### [EXERCISE DIRECTIONS]
Below are the records; give again exactly the line with "3) person [1327,678,1370,793]", the line with "6 | 26 | -14 |", and each line that lies between them, and nothing besides.
• • • •
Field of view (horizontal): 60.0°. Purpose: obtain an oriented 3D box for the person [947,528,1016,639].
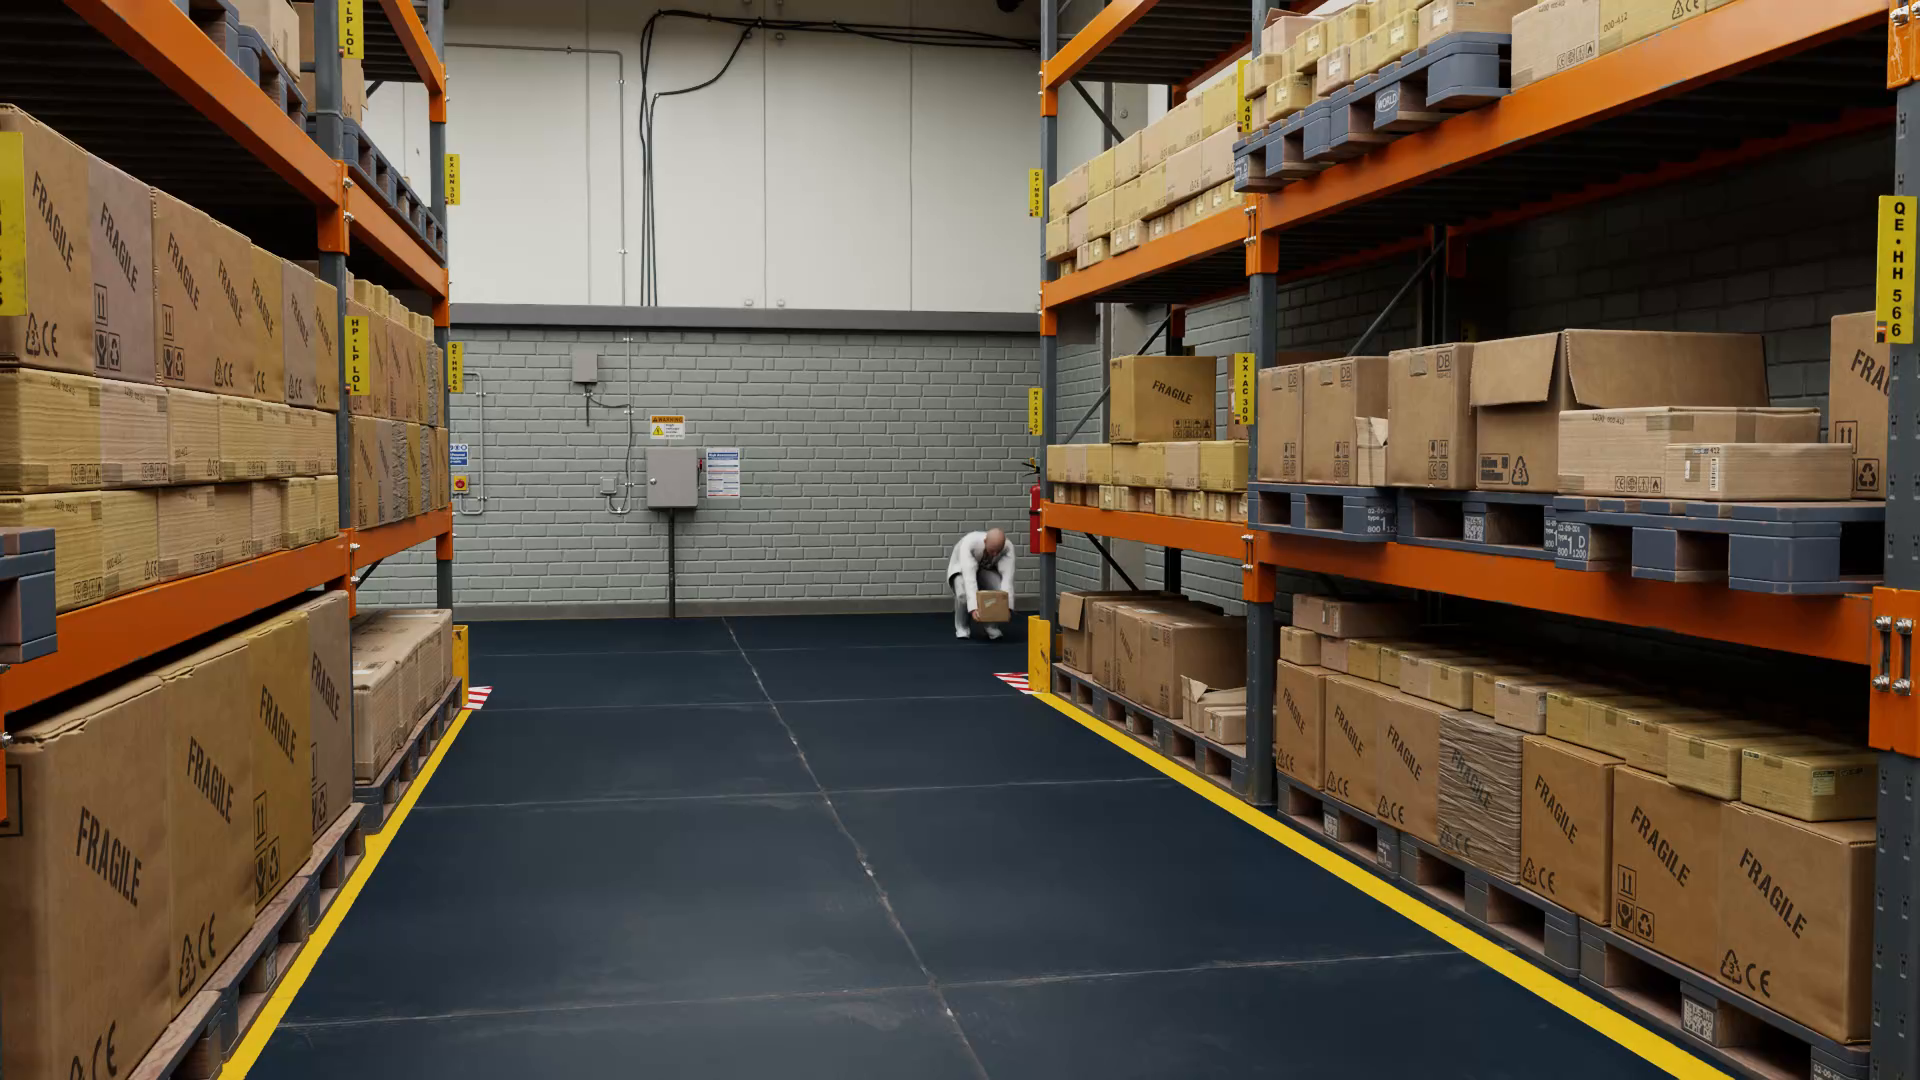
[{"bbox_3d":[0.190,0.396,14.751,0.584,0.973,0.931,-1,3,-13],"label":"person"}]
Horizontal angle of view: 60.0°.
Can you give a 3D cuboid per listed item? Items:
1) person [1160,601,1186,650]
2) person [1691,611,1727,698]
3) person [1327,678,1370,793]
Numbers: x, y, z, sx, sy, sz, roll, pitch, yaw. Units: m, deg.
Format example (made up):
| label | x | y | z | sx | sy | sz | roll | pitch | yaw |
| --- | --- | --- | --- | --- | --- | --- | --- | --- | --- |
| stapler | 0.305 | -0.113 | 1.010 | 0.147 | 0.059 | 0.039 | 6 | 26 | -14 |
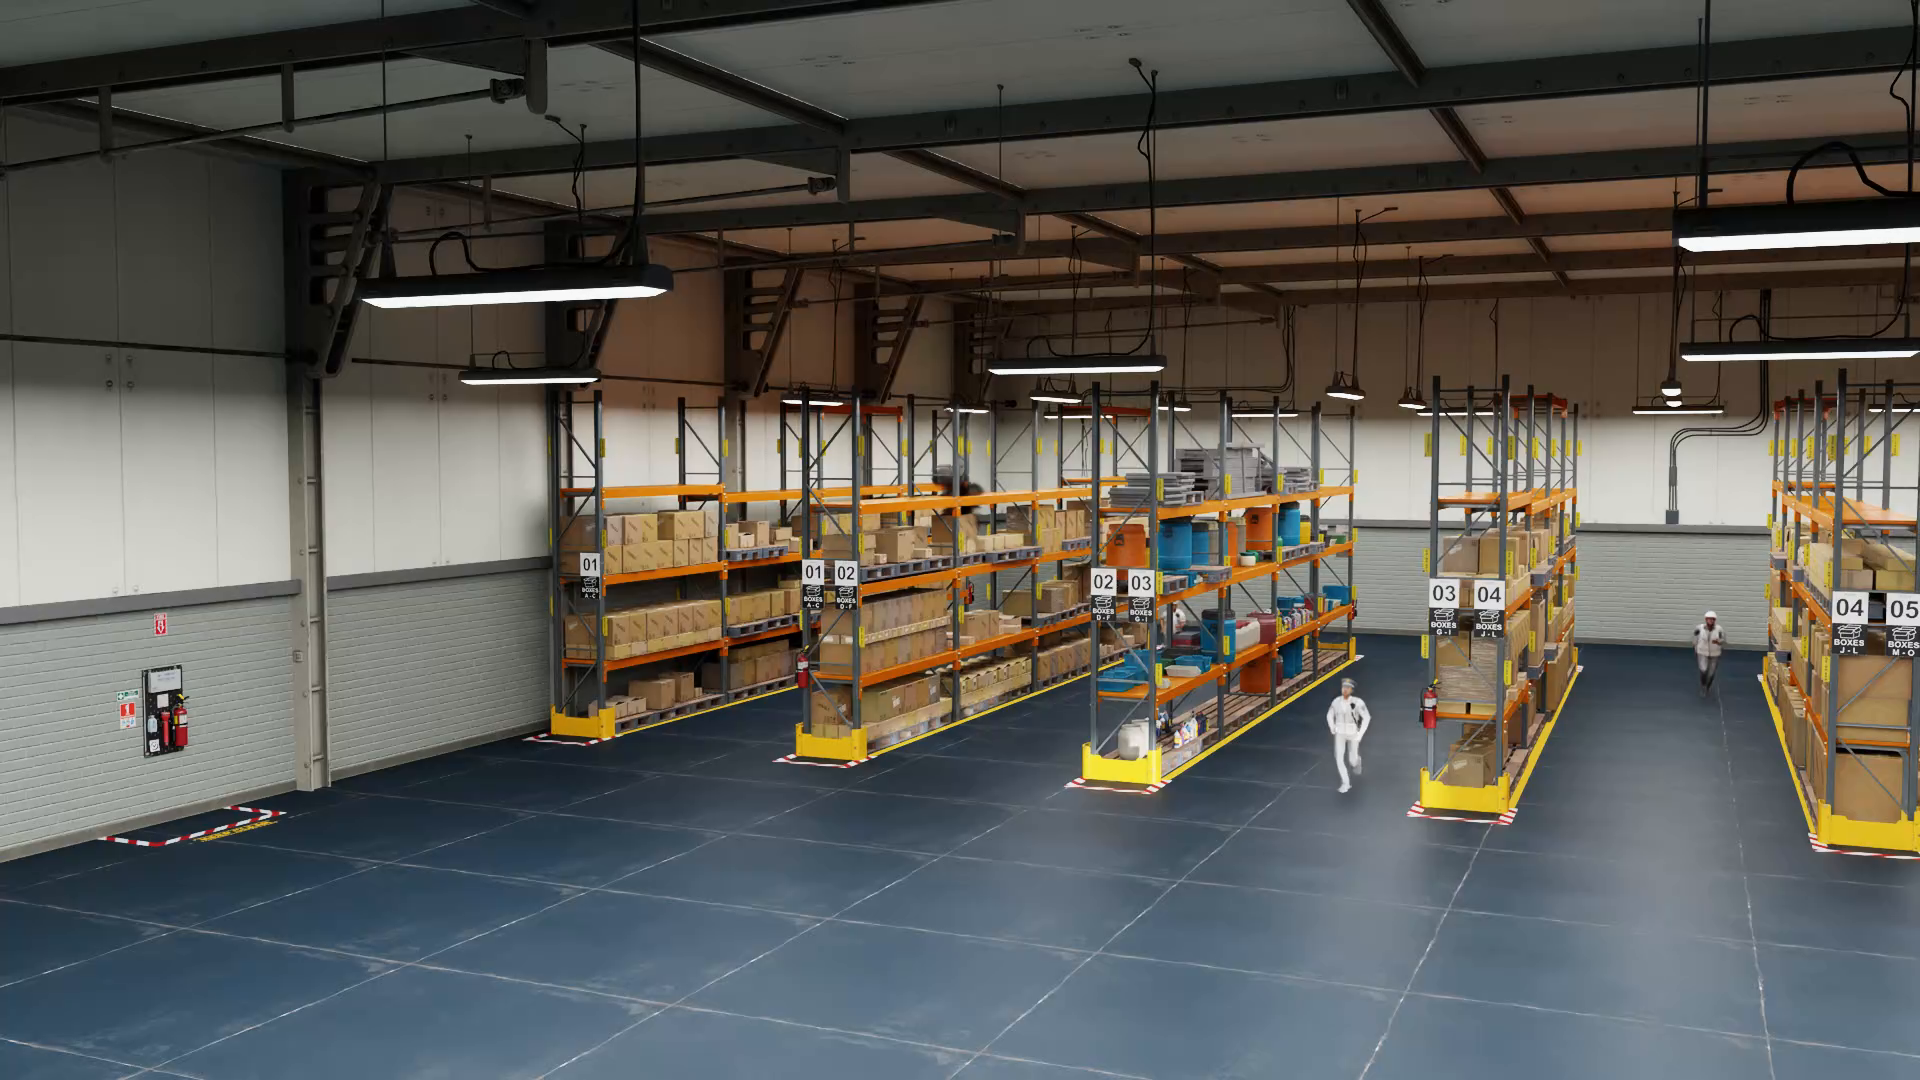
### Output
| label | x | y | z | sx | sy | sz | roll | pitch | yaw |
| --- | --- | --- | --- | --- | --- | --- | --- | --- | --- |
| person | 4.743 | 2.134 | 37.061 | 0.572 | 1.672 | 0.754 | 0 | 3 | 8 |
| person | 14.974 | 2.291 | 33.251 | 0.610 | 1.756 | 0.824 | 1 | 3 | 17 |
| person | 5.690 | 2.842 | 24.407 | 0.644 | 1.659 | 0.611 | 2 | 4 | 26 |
• • • •
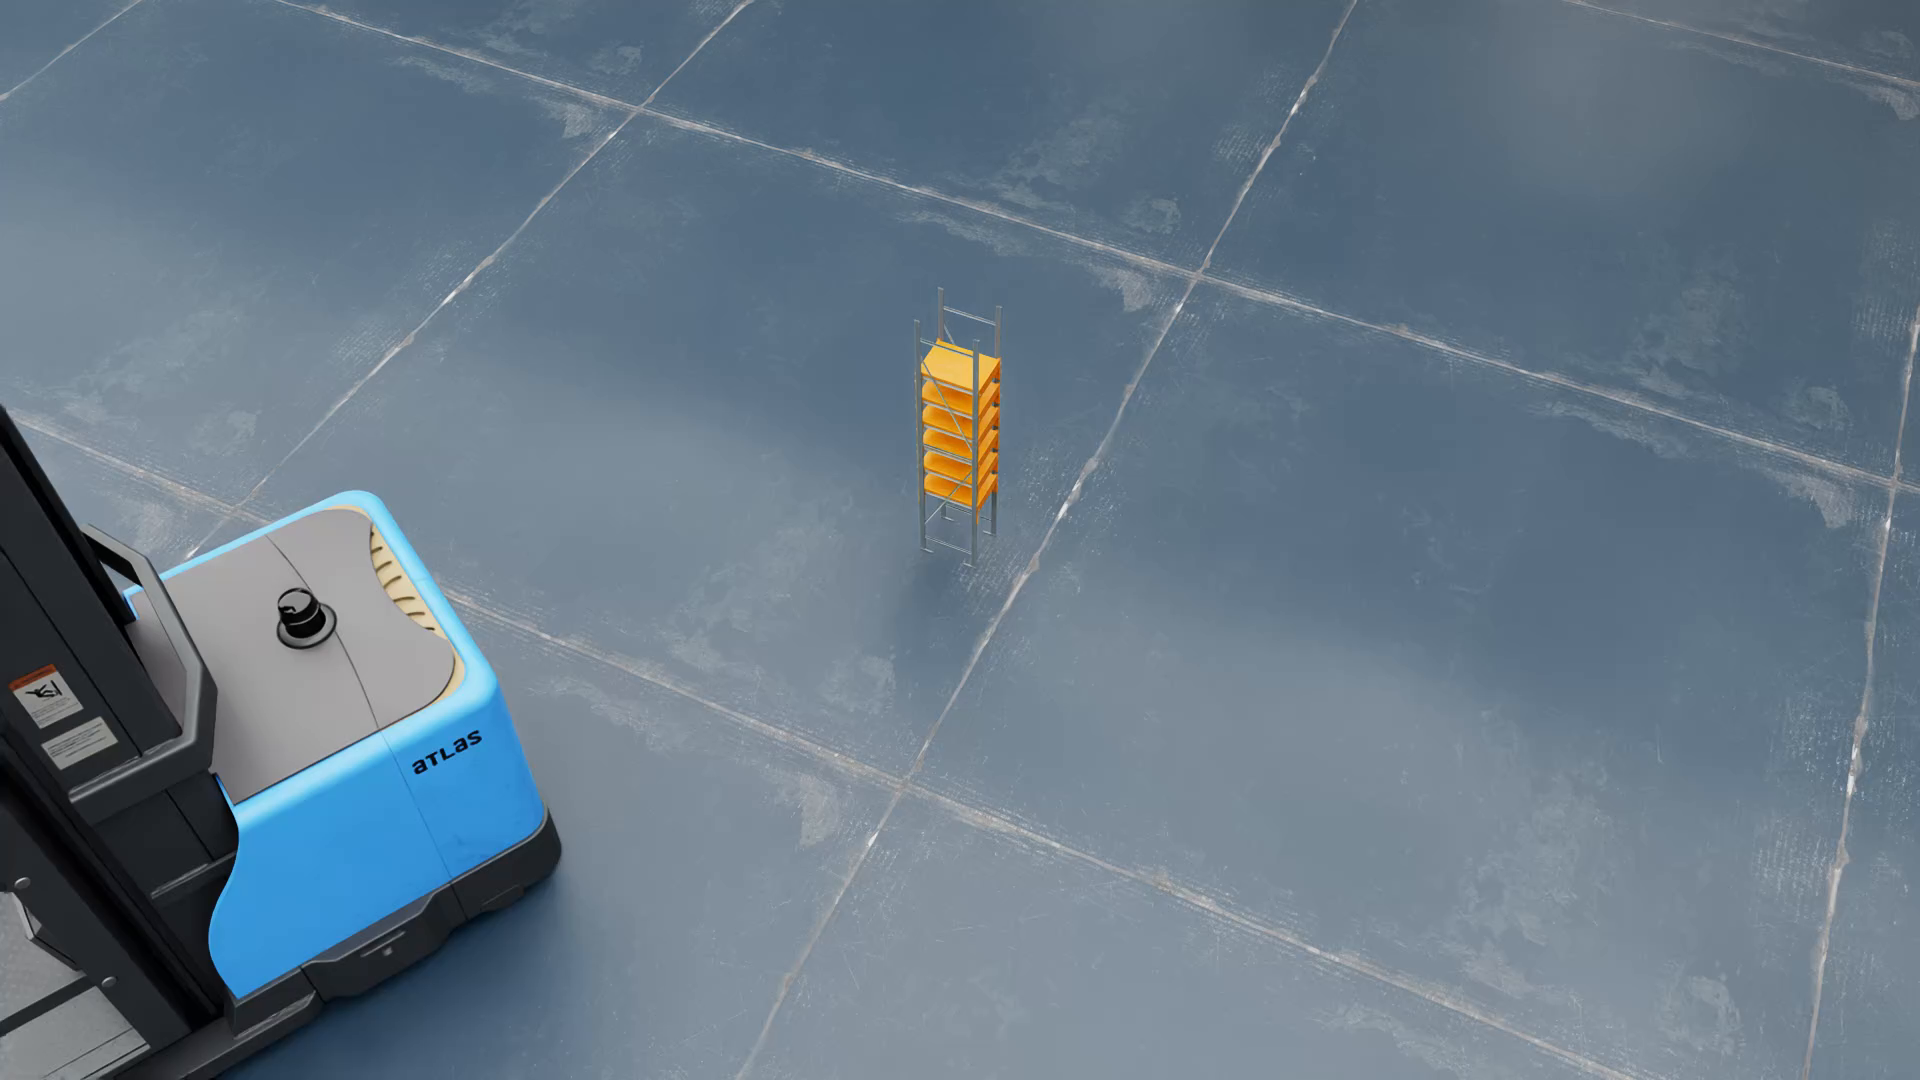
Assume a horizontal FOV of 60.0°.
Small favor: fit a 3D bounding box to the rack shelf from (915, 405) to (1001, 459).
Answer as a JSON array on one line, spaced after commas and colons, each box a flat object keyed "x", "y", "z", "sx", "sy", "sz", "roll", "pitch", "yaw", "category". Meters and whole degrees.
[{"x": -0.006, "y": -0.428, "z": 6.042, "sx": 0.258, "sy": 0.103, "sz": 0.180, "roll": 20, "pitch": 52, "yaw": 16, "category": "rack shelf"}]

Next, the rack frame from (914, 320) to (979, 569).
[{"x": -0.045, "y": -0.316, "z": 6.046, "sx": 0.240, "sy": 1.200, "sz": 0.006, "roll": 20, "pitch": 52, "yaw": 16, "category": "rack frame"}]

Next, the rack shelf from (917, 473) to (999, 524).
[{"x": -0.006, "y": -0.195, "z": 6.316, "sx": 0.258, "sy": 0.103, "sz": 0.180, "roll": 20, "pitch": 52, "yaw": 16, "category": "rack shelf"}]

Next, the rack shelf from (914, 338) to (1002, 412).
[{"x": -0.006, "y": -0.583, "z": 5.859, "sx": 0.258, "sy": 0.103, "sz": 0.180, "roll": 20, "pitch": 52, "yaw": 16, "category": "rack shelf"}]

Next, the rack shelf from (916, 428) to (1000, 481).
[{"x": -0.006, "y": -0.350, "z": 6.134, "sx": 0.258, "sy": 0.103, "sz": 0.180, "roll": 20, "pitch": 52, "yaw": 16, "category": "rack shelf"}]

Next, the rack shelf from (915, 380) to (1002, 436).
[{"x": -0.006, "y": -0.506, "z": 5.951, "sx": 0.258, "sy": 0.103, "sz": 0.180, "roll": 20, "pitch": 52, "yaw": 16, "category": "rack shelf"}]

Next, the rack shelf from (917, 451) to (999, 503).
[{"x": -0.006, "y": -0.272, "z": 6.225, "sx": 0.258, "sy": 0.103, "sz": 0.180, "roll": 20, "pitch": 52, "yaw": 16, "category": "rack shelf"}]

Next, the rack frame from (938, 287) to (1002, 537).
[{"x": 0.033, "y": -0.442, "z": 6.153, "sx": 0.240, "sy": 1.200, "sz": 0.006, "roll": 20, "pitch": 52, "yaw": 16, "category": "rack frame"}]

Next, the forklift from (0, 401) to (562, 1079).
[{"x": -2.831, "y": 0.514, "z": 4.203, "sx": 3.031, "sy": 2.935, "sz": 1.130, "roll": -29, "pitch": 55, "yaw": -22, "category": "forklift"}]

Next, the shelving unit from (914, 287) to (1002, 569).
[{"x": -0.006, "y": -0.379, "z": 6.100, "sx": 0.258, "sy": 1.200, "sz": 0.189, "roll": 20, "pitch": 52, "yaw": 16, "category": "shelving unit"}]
• • • •
### [ANSWER TO THIS TASK]
3) person [1327,678,1370,793]
Numbers: x, y, z, sx, sy, sz, roll, pitch, yaw. Units: m, deg.
Format example (made up):
| label | x | y | z | sx | sy | sz | roll | pitch | yaw |
| --- | --- | --- | --- | --- | --- | --- | --- | --- | --- |
| stapler | 0.305 | -0.113 | 1.010 | 0.147 | 0.059 | 0.039 | 6 | 26 | -14 |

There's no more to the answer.